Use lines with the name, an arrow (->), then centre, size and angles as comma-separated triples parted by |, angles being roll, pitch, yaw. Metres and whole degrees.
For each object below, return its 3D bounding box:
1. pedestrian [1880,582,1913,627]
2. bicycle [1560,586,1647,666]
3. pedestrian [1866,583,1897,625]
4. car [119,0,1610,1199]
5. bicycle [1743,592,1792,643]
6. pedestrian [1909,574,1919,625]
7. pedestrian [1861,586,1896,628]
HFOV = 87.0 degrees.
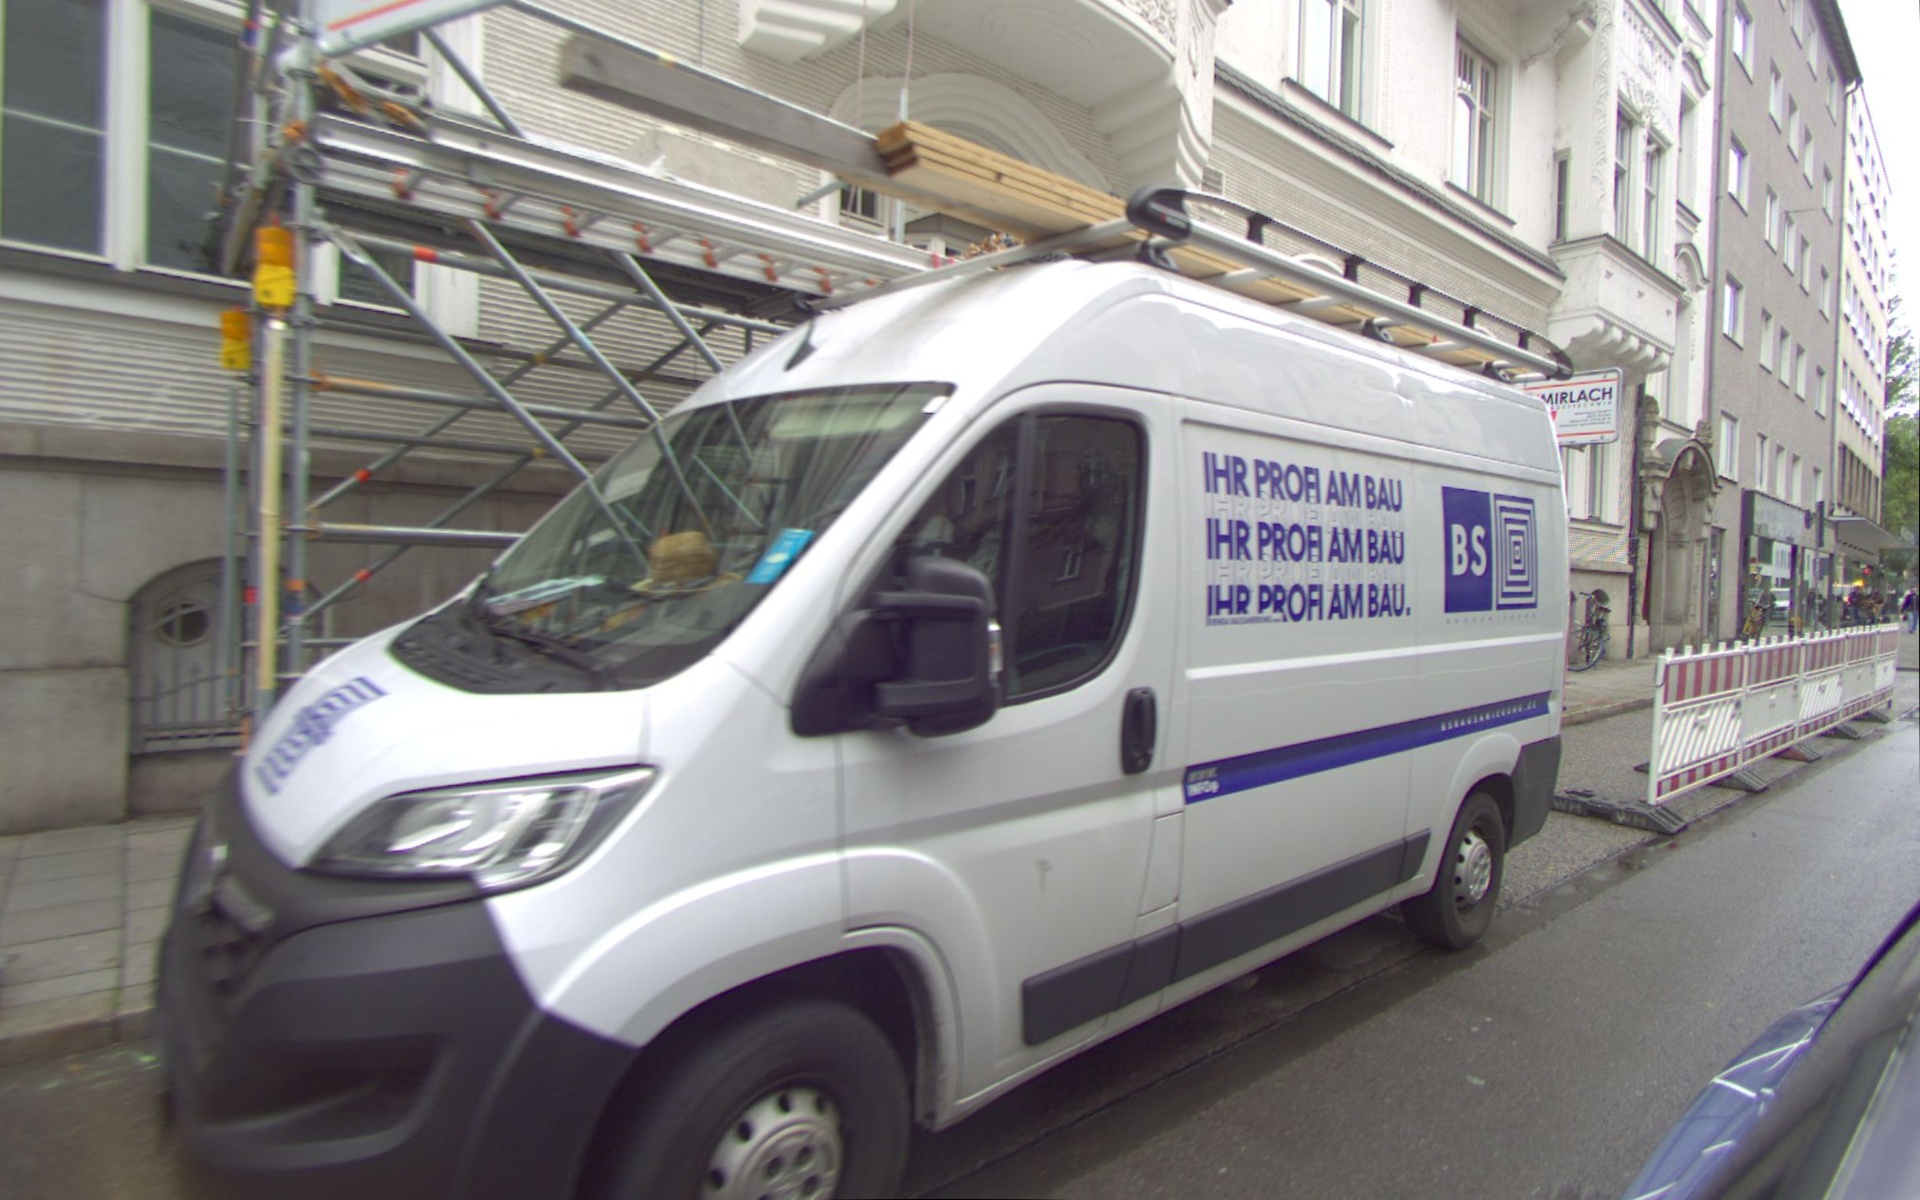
########################################
▶ [What to work on] Among the lines above, find those with the word "degrees" and list them.

▶ [Response]
Use lines with the name, an arrow (->), then centre, size and angles as comma-separated triples parted by |, angles being roll, pitch, yaw. Metres and whole degrees.
HFOV = 87.0 degrees.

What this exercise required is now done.